LONDON, Sept 22 (Reuters) – Sterling rose, after slipping to a fresh 37-year low, against a weakening U.S. dollar on Thursday ahead of a Bank of England meeting and after a slew of central banks’ rate hikes.
Traders were awaiting for an expected BoE interest rate hike at 1100 GMT with money markets pricing in at least a 50-basis point increase by the BoE in the face of red-hot inflation that is just off a 40-year high.
This summer, rising interest rates in Britain have provided little support to sterling amid a gloomy outlook for Britain’s economy and a cost of living crisis.
“There is little to no confidence that the BoE can pull something out of the bag that will support the pound today,” said Jane Foley, head of FX strategy at Rabobank in London.
“Since May it has been clear that BoE rate hikes are not having much of an impact in halting downside pressure on sterling with UK fundamentals undermined by slow growth, a huge current account deficit and recently by concerns over the fiscal outlook,” she added.
Sterling was up 0.5% at $1.13255 against the weakening dollar at 0900 GMT . Against the euro, it was flat at 87.24 pence.
The pound has softened 16% against the dollar this year, slipping to a fresh 37-year low in early London trading.
It trimmed some of those losses as the dollar lost some grounds after Norway’s and the Swiss central banks raised interest rate, while Japan intervened in currency market to buy yen for the first time since 1998.

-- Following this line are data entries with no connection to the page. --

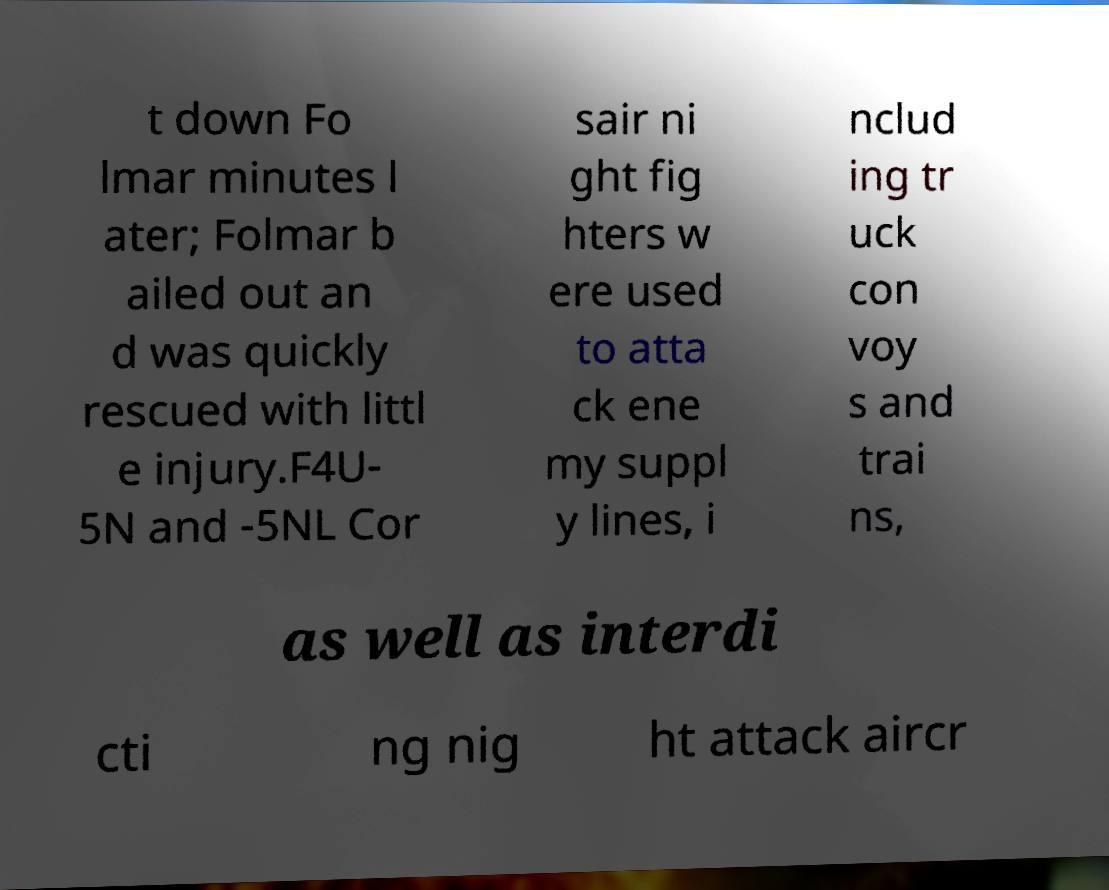Please read and relay the text visible in this image. What does it say? t down Fo lmar minutes l ater; Folmar b ailed out an d was quickly rescued with littl e injury.F4U- 5N and -5NL Cor sair ni ght fig hters w ere used to atta ck ene my suppl y lines, i nclud ing tr uck con voy s and trai ns, as well as interdi cti ng nig ht attack aircr 
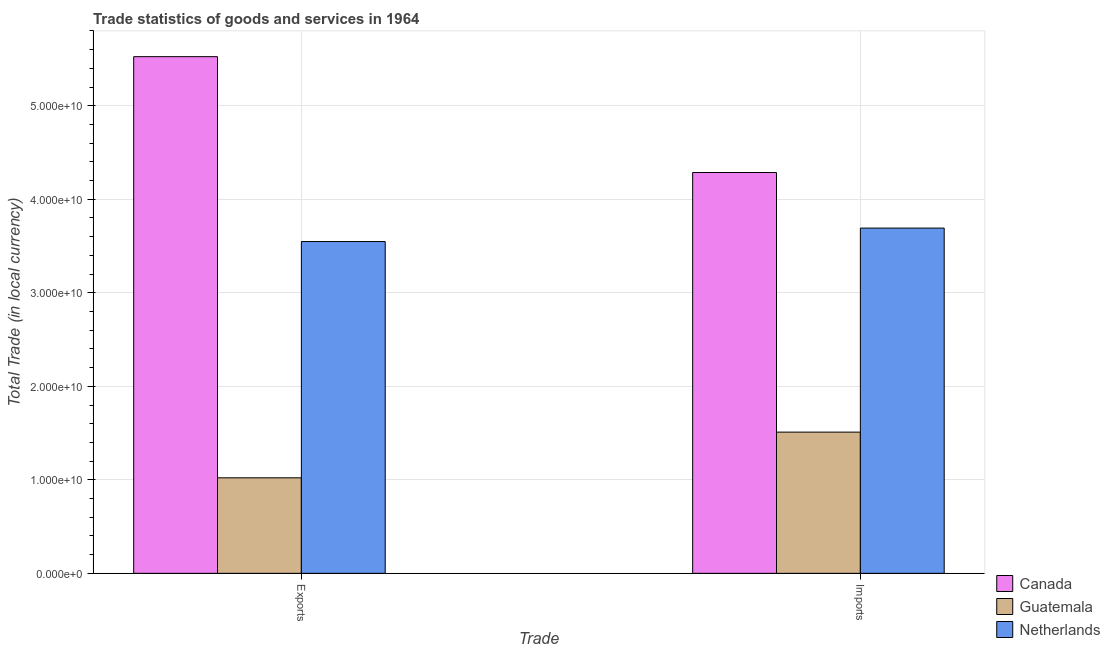How many different coloured bars are there?
Offer a very short reply. 3. Are the number of bars on each tick of the X-axis equal?
Offer a very short reply. Yes. What is the label of the 1st group of bars from the left?
Offer a very short reply. Exports. What is the imports of goods and services in Canada?
Your response must be concise. 4.29e+1. Across all countries, what is the maximum imports of goods and services?
Offer a very short reply. 4.29e+1. Across all countries, what is the minimum export of goods and services?
Offer a terse response. 1.02e+1. In which country was the export of goods and services maximum?
Make the answer very short. Canada. In which country was the imports of goods and services minimum?
Give a very brief answer. Guatemala. What is the total imports of goods and services in the graph?
Offer a terse response. 9.49e+1. What is the difference between the export of goods and services in Guatemala and that in Netherlands?
Your answer should be compact. -2.53e+1. What is the difference between the export of goods and services in Guatemala and the imports of goods and services in Netherlands?
Your response must be concise. -2.67e+1. What is the average imports of goods and services per country?
Give a very brief answer. 3.16e+1. What is the difference between the export of goods and services and imports of goods and services in Netherlands?
Provide a succinct answer. -1.44e+09. In how many countries, is the imports of goods and services greater than 42000000000 LCU?
Give a very brief answer. 1. What is the ratio of the export of goods and services in Netherlands to that in Canada?
Provide a succinct answer. 0.64. What does the 1st bar from the left in Exports represents?
Provide a short and direct response. Canada. What does the 3rd bar from the right in Imports represents?
Provide a succinct answer. Canada. How many bars are there?
Keep it short and to the point. 6. How many countries are there in the graph?
Provide a succinct answer. 3. What is the difference between two consecutive major ticks on the Y-axis?
Your answer should be compact. 1.00e+1. Does the graph contain any zero values?
Give a very brief answer. No. Where does the legend appear in the graph?
Provide a short and direct response. Bottom right. How many legend labels are there?
Offer a very short reply. 3. What is the title of the graph?
Your answer should be very brief. Trade statistics of goods and services in 1964. What is the label or title of the X-axis?
Your answer should be very brief. Trade. What is the label or title of the Y-axis?
Offer a very short reply. Total Trade (in local currency). What is the Total Trade (in local currency) of Canada in Exports?
Make the answer very short. 5.52e+1. What is the Total Trade (in local currency) of Guatemala in Exports?
Your response must be concise. 1.02e+1. What is the Total Trade (in local currency) of Netherlands in Exports?
Ensure brevity in your answer.  3.55e+1. What is the Total Trade (in local currency) of Canada in Imports?
Your answer should be compact. 4.29e+1. What is the Total Trade (in local currency) of Guatemala in Imports?
Ensure brevity in your answer.  1.51e+1. What is the Total Trade (in local currency) of Netherlands in Imports?
Make the answer very short. 3.69e+1. Across all Trade, what is the maximum Total Trade (in local currency) of Canada?
Ensure brevity in your answer.  5.52e+1. Across all Trade, what is the maximum Total Trade (in local currency) of Guatemala?
Keep it short and to the point. 1.51e+1. Across all Trade, what is the maximum Total Trade (in local currency) of Netherlands?
Offer a terse response. 3.69e+1. Across all Trade, what is the minimum Total Trade (in local currency) of Canada?
Your response must be concise. 4.29e+1. Across all Trade, what is the minimum Total Trade (in local currency) in Guatemala?
Keep it short and to the point. 1.02e+1. Across all Trade, what is the minimum Total Trade (in local currency) of Netherlands?
Provide a succinct answer. 3.55e+1. What is the total Total Trade (in local currency) of Canada in the graph?
Keep it short and to the point. 9.81e+1. What is the total Total Trade (in local currency) in Guatemala in the graph?
Your answer should be very brief. 2.53e+1. What is the total Total Trade (in local currency) in Netherlands in the graph?
Ensure brevity in your answer.  7.24e+1. What is the difference between the Total Trade (in local currency) in Canada in Exports and that in Imports?
Keep it short and to the point. 1.24e+1. What is the difference between the Total Trade (in local currency) of Guatemala in Exports and that in Imports?
Ensure brevity in your answer.  -4.89e+09. What is the difference between the Total Trade (in local currency) in Netherlands in Exports and that in Imports?
Provide a short and direct response. -1.44e+09. What is the difference between the Total Trade (in local currency) of Canada in Exports and the Total Trade (in local currency) of Guatemala in Imports?
Provide a short and direct response. 4.01e+1. What is the difference between the Total Trade (in local currency) of Canada in Exports and the Total Trade (in local currency) of Netherlands in Imports?
Your answer should be compact. 1.83e+1. What is the difference between the Total Trade (in local currency) in Guatemala in Exports and the Total Trade (in local currency) in Netherlands in Imports?
Your answer should be very brief. -2.67e+1. What is the average Total Trade (in local currency) in Canada per Trade?
Your response must be concise. 4.91e+1. What is the average Total Trade (in local currency) of Guatemala per Trade?
Provide a succinct answer. 1.27e+1. What is the average Total Trade (in local currency) of Netherlands per Trade?
Give a very brief answer. 3.62e+1. What is the difference between the Total Trade (in local currency) in Canada and Total Trade (in local currency) in Guatemala in Exports?
Keep it short and to the point. 4.50e+1. What is the difference between the Total Trade (in local currency) in Canada and Total Trade (in local currency) in Netherlands in Exports?
Your response must be concise. 1.98e+1. What is the difference between the Total Trade (in local currency) in Guatemala and Total Trade (in local currency) in Netherlands in Exports?
Make the answer very short. -2.53e+1. What is the difference between the Total Trade (in local currency) of Canada and Total Trade (in local currency) of Guatemala in Imports?
Offer a terse response. 2.78e+1. What is the difference between the Total Trade (in local currency) of Canada and Total Trade (in local currency) of Netherlands in Imports?
Ensure brevity in your answer.  5.94e+09. What is the difference between the Total Trade (in local currency) in Guatemala and Total Trade (in local currency) in Netherlands in Imports?
Offer a very short reply. -2.18e+1. What is the ratio of the Total Trade (in local currency) of Canada in Exports to that in Imports?
Give a very brief answer. 1.29. What is the ratio of the Total Trade (in local currency) in Guatemala in Exports to that in Imports?
Offer a very short reply. 0.68. What is the ratio of the Total Trade (in local currency) in Netherlands in Exports to that in Imports?
Give a very brief answer. 0.96. What is the difference between the highest and the second highest Total Trade (in local currency) in Canada?
Keep it short and to the point. 1.24e+1. What is the difference between the highest and the second highest Total Trade (in local currency) of Guatemala?
Ensure brevity in your answer.  4.89e+09. What is the difference between the highest and the second highest Total Trade (in local currency) of Netherlands?
Your response must be concise. 1.44e+09. What is the difference between the highest and the lowest Total Trade (in local currency) in Canada?
Ensure brevity in your answer.  1.24e+1. What is the difference between the highest and the lowest Total Trade (in local currency) in Guatemala?
Give a very brief answer. 4.89e+09. What is the difference between the highest and the lowest Total Trade (in local currency) in Netherlands?
Provide a short and direct response. 1.44e+09. 
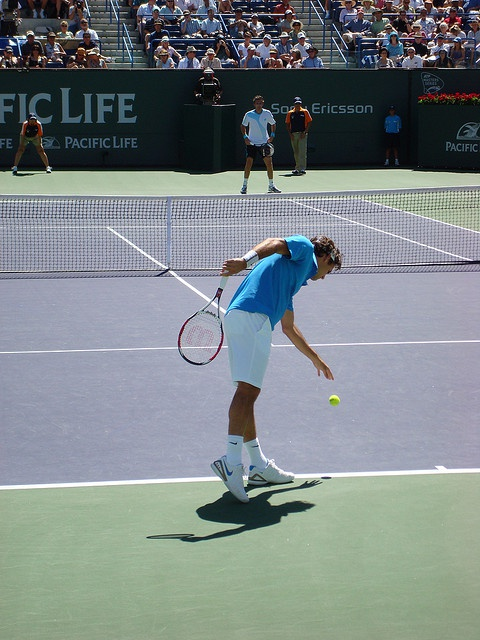Describe the objects in this image and their specific colors. I can see people in lavender, black, gray, maroon, and navy tones, people in lavender, darkgray, gray, maroon, and blue tones, tennis racket in lavender, darkgray, lightgray, and black tones, people in lavender, black, gray, and maroon tones, and people in lavender, black, maroon, and gray tones in this image. 
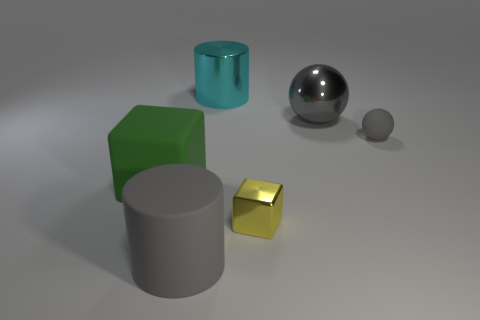Add 3 red balls. How many objects exist? 9 Subtract all blocks. How many objects are left? 4 Subtract 2 gray balls. How many objects are left? 4 Subtract all blue cubes. Subtract all yellow cubes. How many objects are left? 5 Add 1 gray matte cylinders. How many gray matte cylinders are left? 2 Add 2 large cubes. How many large cubes exist? 3 
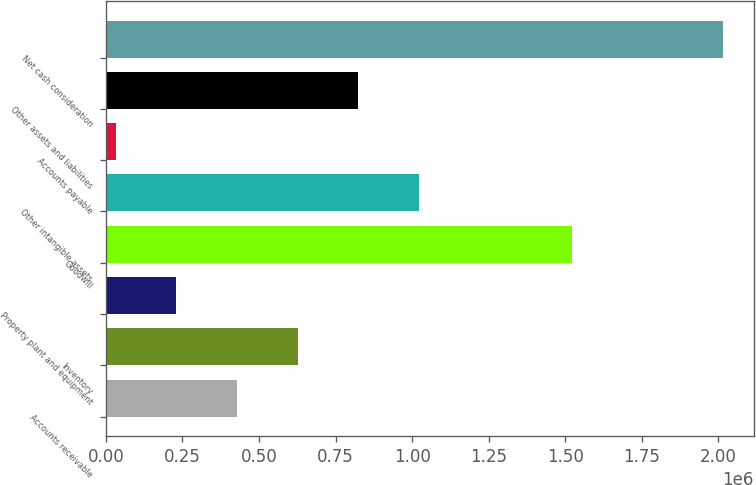Convert chart. <chart><loc_0><loc_0><loc_500><loc_500><bar_chart><fcel>Accounts receivable<fcel>Inventory<fcel>Property plant and equipment<fcel>Goodwill<fcel>Other intangible assets<fcel>Accounts payable<fcel>Other assets and liabilities<fcel>Net cash consideration<nl><fcel>428320<fcel>626608<fcel>230032<fcel>1.52335e+06<fcel>1.02318e+06<fcel>31744<fcel>824896<fcel>2.01462e+06<nl></chart> 
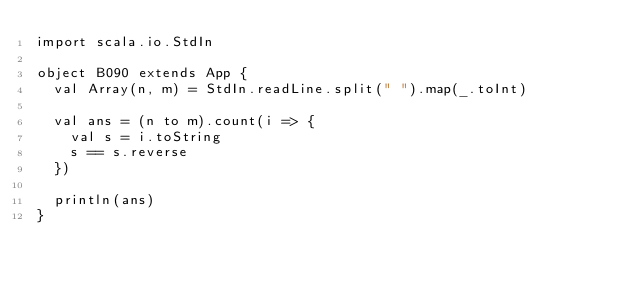<code> <loc_0><loc_0><loc_500><loc_500><_Scala_>import scala.io.StdIn

object B090 extends App {
  val Array(n, m) = StdIn.readLine.split(" ").map(_.toInt)

  val ans = (n to m).count(i => {
    val s = i.toString
    s == s.reverse
  })

  println(ans)
}
</code> 
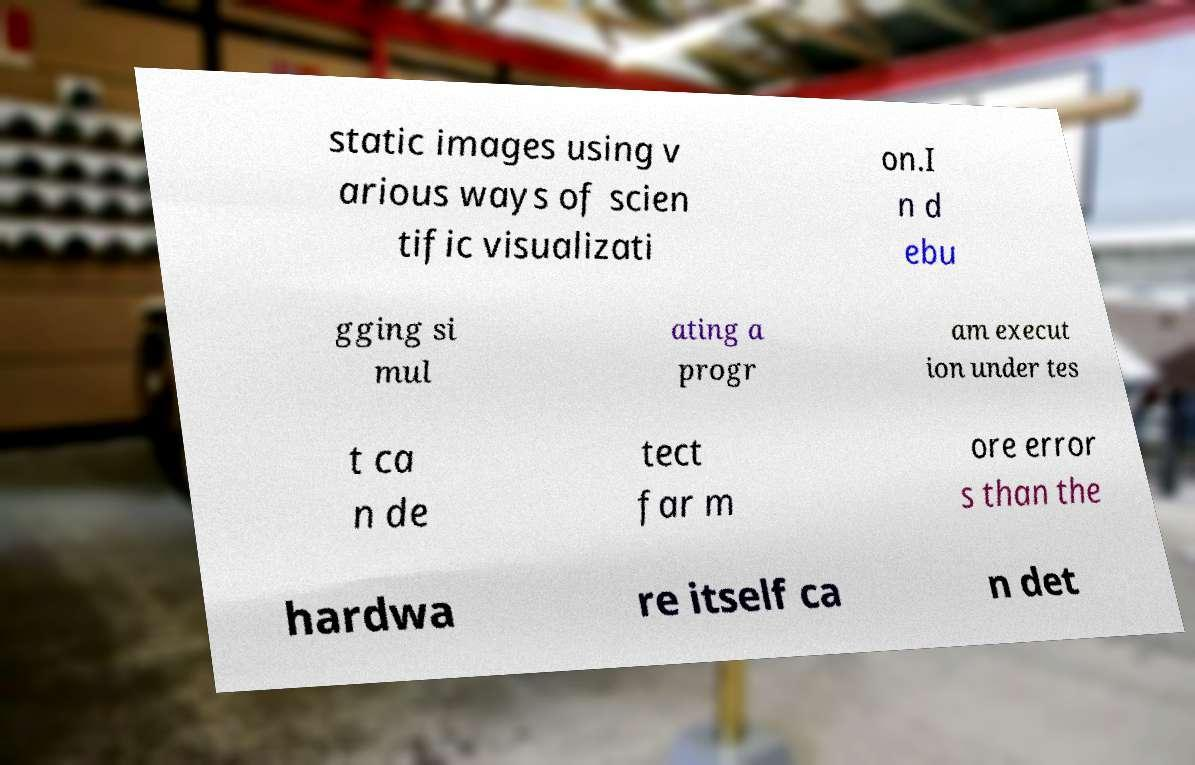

That came after the Fed hiked interest rates on Wednesday by three-quarters of a percentage point for a third straight time and signaled that borrowing costs would keep rising this year.
Versus the Swiss franc , sterling surged 1.25% to 1.1019 after the Swiss National Bank raised its policy interest rate by 0.75 percentage point on Thursday.
“The sell off in the Swiss franc in the wake of the SNB’s 75 bp rate hike this morning has highlighted the difficulties that central banks (other than the Fed) are having in stabilising their currencies,” Foley added.